Doug,
Never mind the first or third party - we don't even have the support for
"Always Expect Valid Signature"
So where is the payoff? As long as verifiers don't support or enable
policy in their software and are encouraged not to do so by the
authors of the current policy draft standard, all these extra
considerations especially the more complex suggestions, is all for
nothing. I'm willing to explore TPA and my own DSAP, or the exacted
ASL "lit version" idea for ADSP extension (which my current
implementation supports), but it means nothing if we can't get the
other authors and implementations to explore as well.
Only prior arrangement, special signer and receiver arrangements (a
policy) seems to be of any value.
--
Hector Santos, CTO
http://www.santronics.com
http://santronics.blogspot.com
Douglas Otis wrote:
On 9/17/10 3:12 PM, J.D. Falk wrote:
On Sep 17, 2010, at 2:50 PM, Murray S. Kucherawy wrote:
If this is primarily a workaround for perceived limitations of
reputation systems, then I humbly suggest that the premise is
invalid. Today's reputation systems aren't static; the operators
are constantly changing them in reaction to what the spammers
do.
I realize that the answer to this will be largely speculation,
but: Will that continue to be true in the IPv6-based and
domain-based future of reputation systems?
Having to make ongoing adjustments might be a hindrance to such
systems.
It's always a hindrance, sure, but there's nothing inherent to IPv4
which makes the adjustments necessary.
The purpose of reputation is to curtail abusive source acceptance. When
reputation is based upon a DKIM domain, replay abuse must be ignored in
reputation assessments when recipients are not contained within the
signed content. Such abuse must be controlled through other means.
Please articulate what you see as an adjustment solving the fundamental
replay issue haunting cryptographic techniques not bound to a specific
source or destination? Within an IPv6 environment, the concept of using
the Return-Path or the PRA as ancillary requirements makes email more
fragile, where expressing all IP address sources for a single domain is
both not practical, and at times, not possible.
As a separate issue, the joint-sigs draft assumes the third-party
service causing practice compliance problems are signing their messages
using DKIM. It also shares the difficulty related to the TPA-Label
scheme in that the sender must anticipate signing domains used by a
service expected to forward their message. Unlike the TPA-Label scheme,
joint-sigs lacks a means to delegate this effort to a different
entity. It seems doubtful safety is improved by suggesting Author
Domains are thereby less accountable allowing a reduction of message
elements being signed that are normally needed to prevent spoofing.
Adjustments to reputation systems are necessary because spammers
keep changing tactics, attempting to get around the reputation
systems. And, patterns in legitimate mail change over time as well;
it wasn't so long ago that Facebook notifications were getting caught
by spam filters looking for similarity, which makes sense because
they're all extremely similar -- and there's a lot of volume.
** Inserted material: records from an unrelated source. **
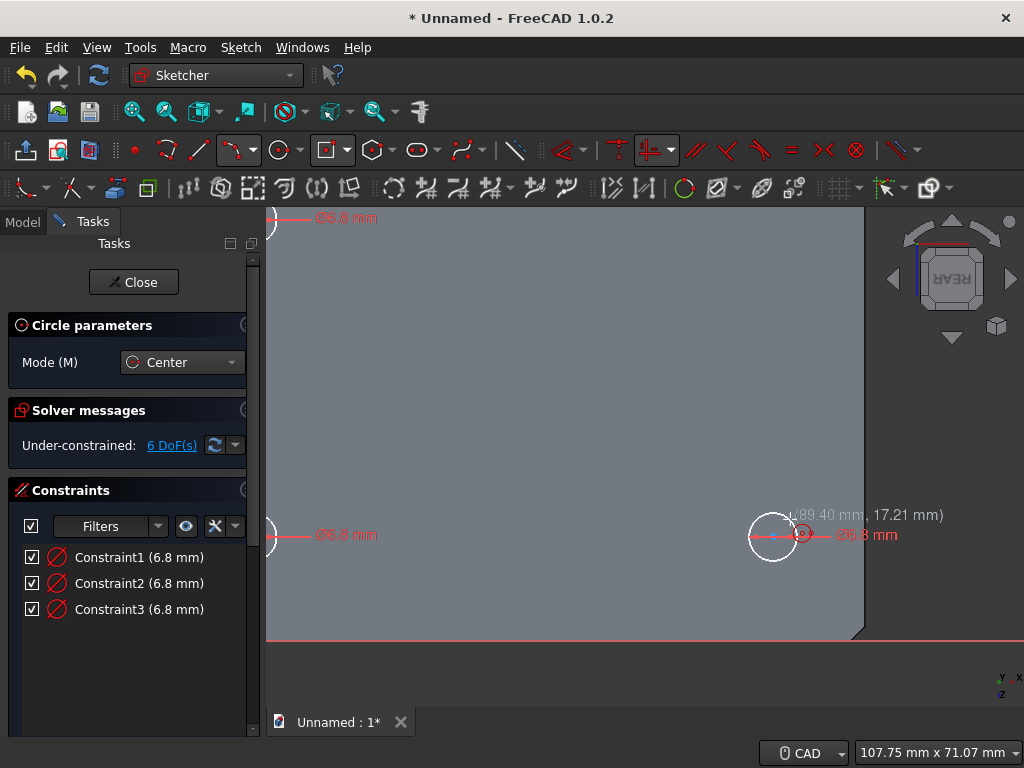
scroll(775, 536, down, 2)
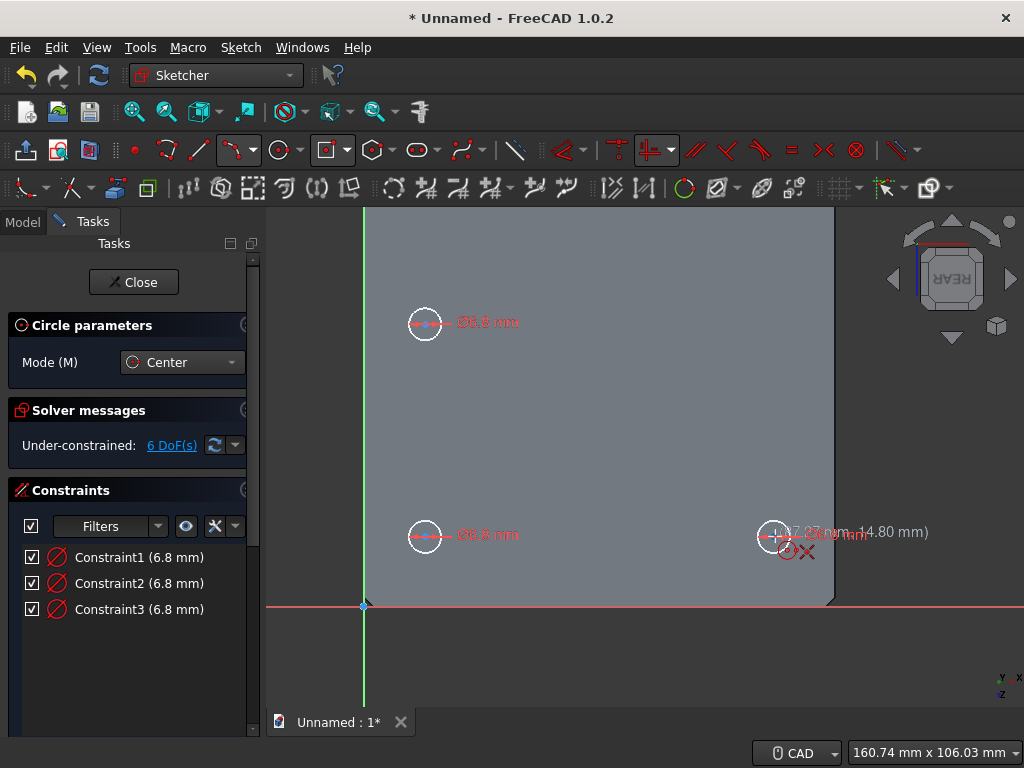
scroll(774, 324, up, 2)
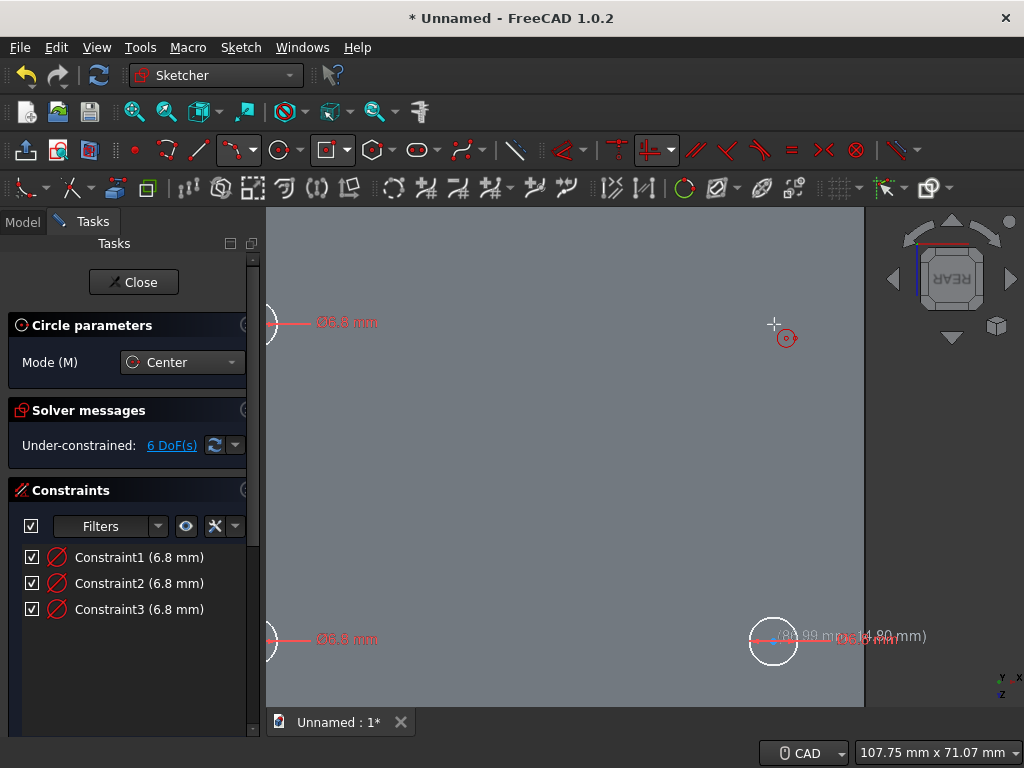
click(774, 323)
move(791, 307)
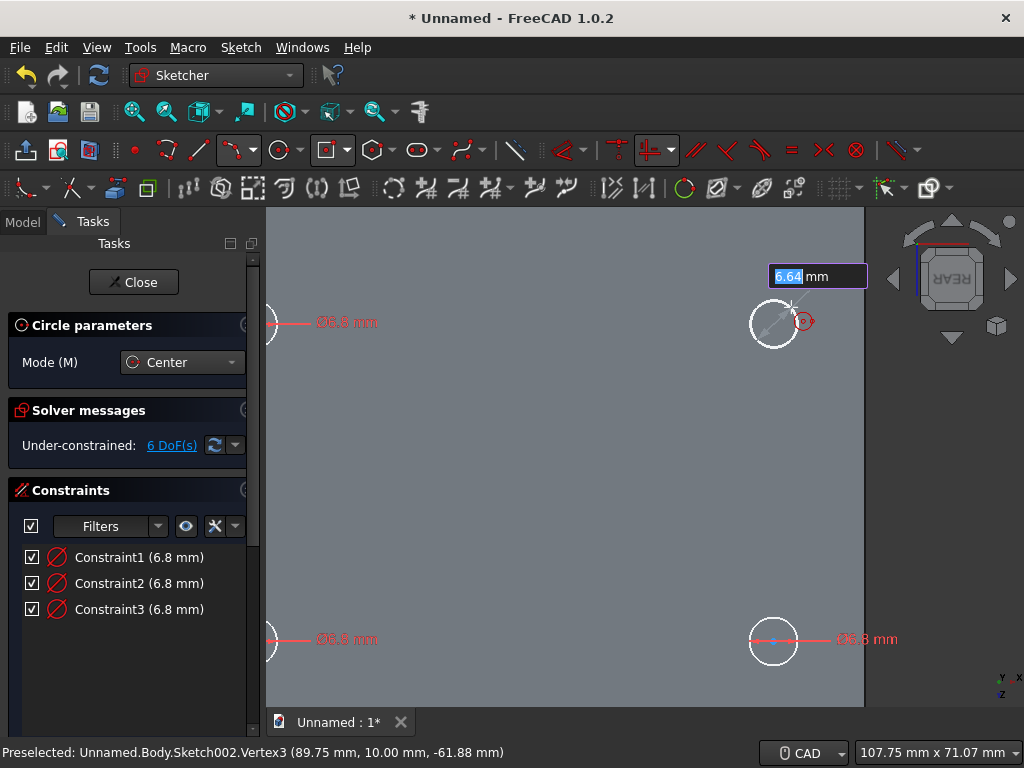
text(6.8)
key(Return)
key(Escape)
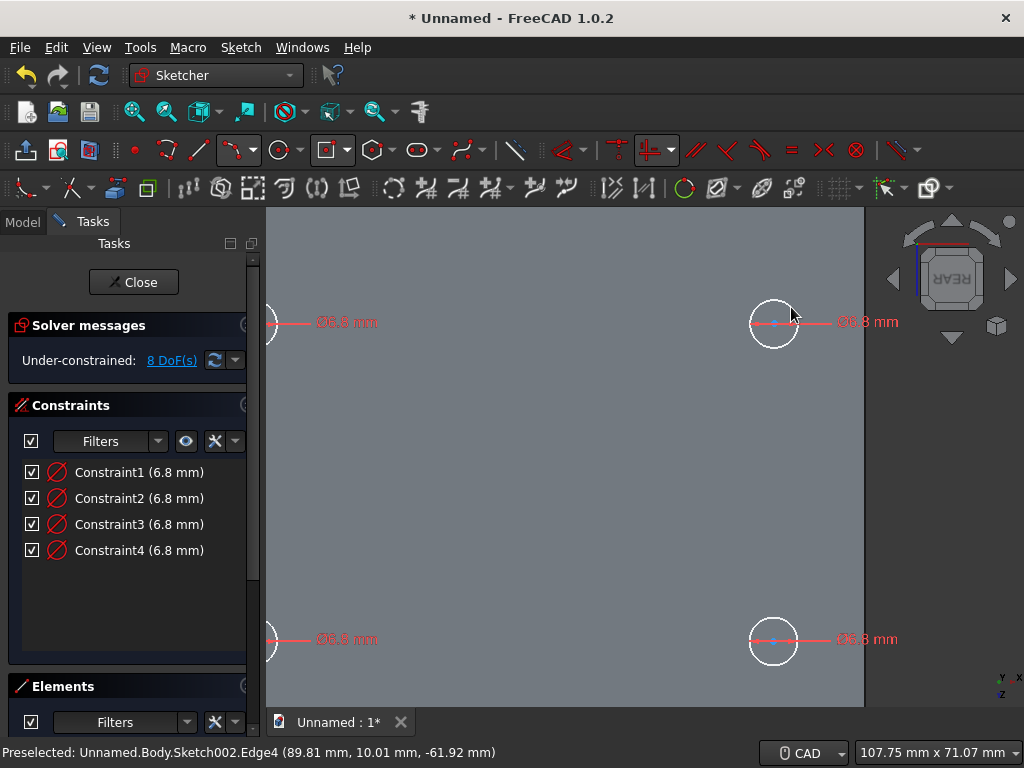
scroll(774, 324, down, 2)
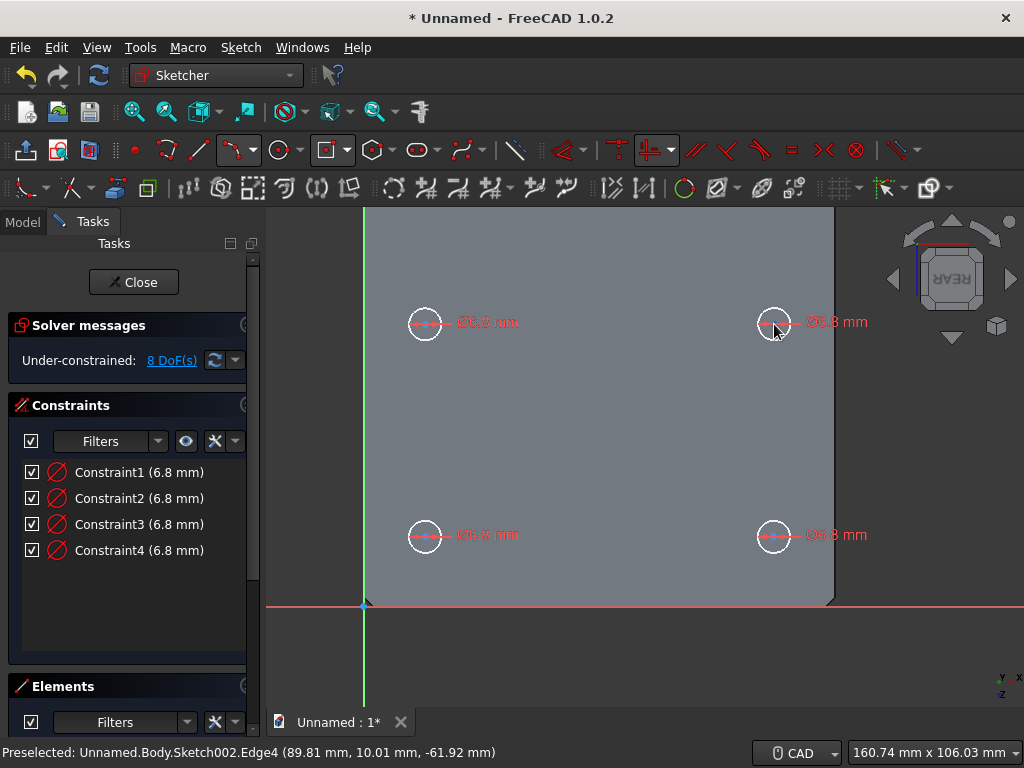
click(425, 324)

When DKIM is used to white-list domains, this then runs the risk of
white-listed messages being replayed and directed to recipients not
intended by the signing domain.
Any reputation system, or filter, or other anti-spam method which
isn't reacting to changes will quickly become either ineffective at
catching spam or ineffective at not catching non-spam, and people
will stop using it, and pretty soon it'll be forgotten.
Reputation based upon what? DKIM lacks a means to deal with replay
abuse, nor is DKIM related to servers introducing email into public
email streams. What are you suggesting will happen with DKIM reputation?